15日発売の『岳人』に、佐藤裕介のインタビュー記事を書きました。
岳人がモンベル(正確にはネイチュアエンタープライズ)の経営に移ってから初めてお話しをいただき、自分のスケジュール的にはかなりきびしいときだったのですが、テーマが佐藤裕介と聞き、これはなんとかしなくてはと少し無理をして引き受けてしまいました。


佐藤くんに初めて会ったのは10年くらい前。
『ROCK & SNOW』の企画で行なわれた座談会の席でした。
「注目の若手クライマー」という感じで、各所で少しずつ名前を聞き始めたころでした。


座談会では、そののんびりした話し方とは裏腹に、クライミングに対する意見は非常に鋭く、すでに独自のクライミング観を持っているようでした。
「これは掘り出し物だ」と思いながら帰ったものです。


その後は、かの「ギリギリボーイズ」の一員としても活躍。
あっという間に、日本のアルパインクライミングのトップになっていきました。


彼の魅力は、無尽蔵のモチベーションと抜群の安定感。
これだけクライミングに入れ込み続けて飽きない人に会ったのは山野井泰史さん以来です。
そして登りが非常に華麗。軽やかで、どんな厳しいところでも余裕がありかつ正確。
フィジカルなクライミングの才能があるだけでなく、鋭く危険を察知する動物的な嗅覚もあるように感じます。
まさに「クライミングの才能の塊」という感じです。


昨年から山岳ガイドになったので、記事ではその話を中心に書いています。
取材は、瑞牆山で実際のガイドクライミングに同行させてもらって行ないました。
「いちばんガイドになりそうにない男」と言われ、私もそう思っていたのですが、意外や合っているのかもしれないというのが感想です。

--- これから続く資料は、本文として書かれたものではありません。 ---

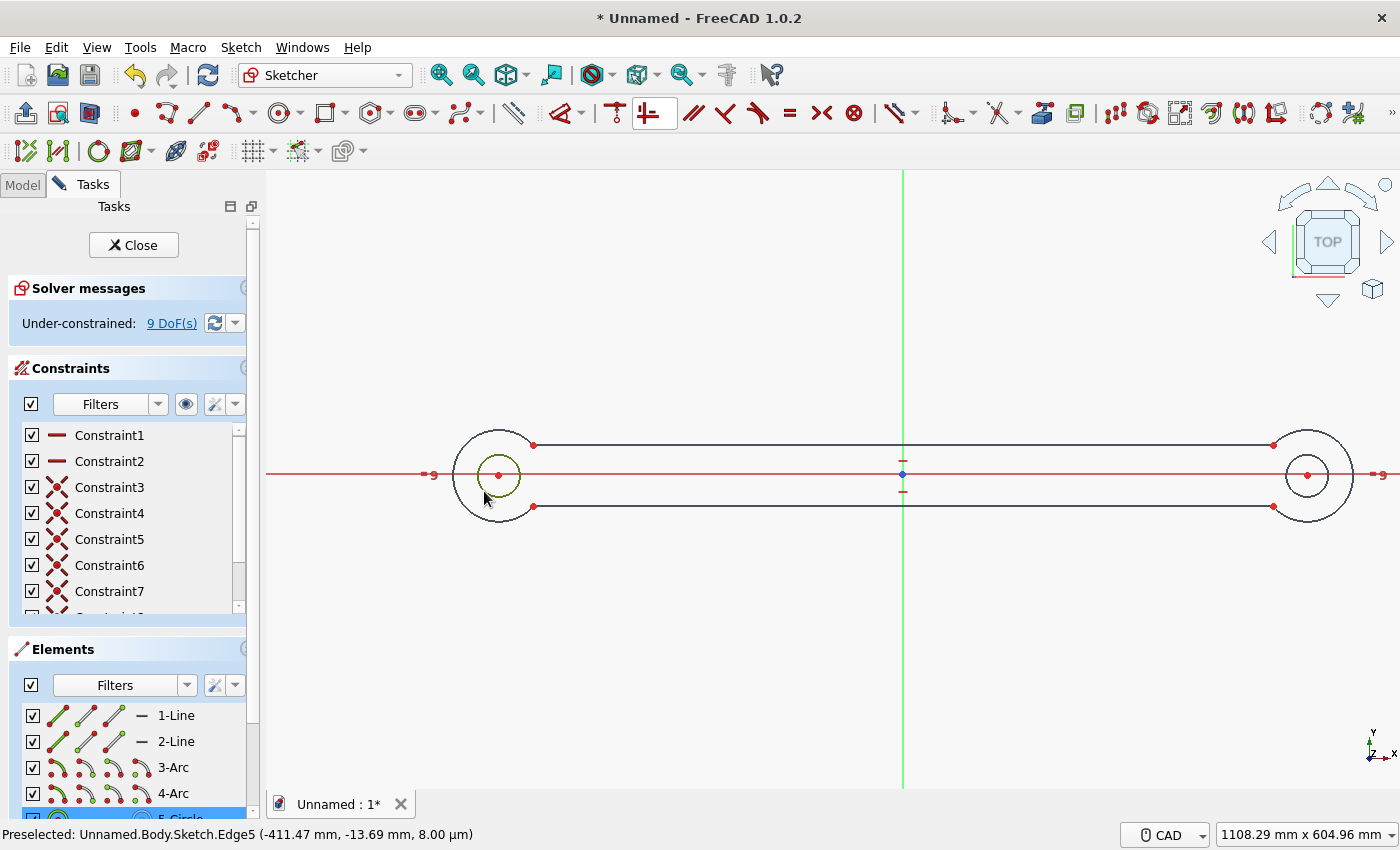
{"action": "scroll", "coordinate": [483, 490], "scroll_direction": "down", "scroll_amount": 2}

取材では、2年前の「那智の滝事件」など話しにくいこともあえて突っ込んで聞きました。
現在の佐藤裕介を語るには避けて通れない話だと思ったからです。
逃げずにちゃんと答えてくれた佐藤くんに感謝です。
昔から疑問だった家族のことも聞きました。
ここは傑作なので、記事でぜひお読みください。


私は思い入れのあるテーマほど文章が書けなくなってしまうタイプで、
この記事も書き始めてみるとどうにもノリが出ず、3分の2くらい書いた原稿を思い切って全ボツにして一から書き直したりしました。
あっさり書けるだろうと思って引き受けた話だったんですが、意外と苦労してしまいました。
そのぶん、最終的には納得のいくかたちになったと思います。


ちなみに写真も私です。
けっこう自信作だったので、大きく使ってくれた編集部に感謝。
2007年に撮影した錫杖岳の写真もついに日の目を見ることができました。
(この撮影が、私がクライミング撮影に興味をもったきっかけでした)


これまで幾度もインタビューを受けてきた佐藤くんですが、
未出(のはず)の話もたくさん入っています。
ぜひ読んでみてください。



【ボツ写真】


















行動食はいつもタッパーに入れた弁当だそうです。休憩のたびにこれをちょこちょこ食べてました。




2015年10月8日木曜日

日本のクライミングの歴史の扉が開けられる



モアイフェース開拓記①


「瑞牆ガイドブック管理人」が言うとおりのすさまじいクライミングが瑞牆で行なわれています。「モアイフェース開拓記」を読んでいただければわかるのですが、これまでの日本のクライミングの次元を2つか3つすっ飛ばしたようなトライです。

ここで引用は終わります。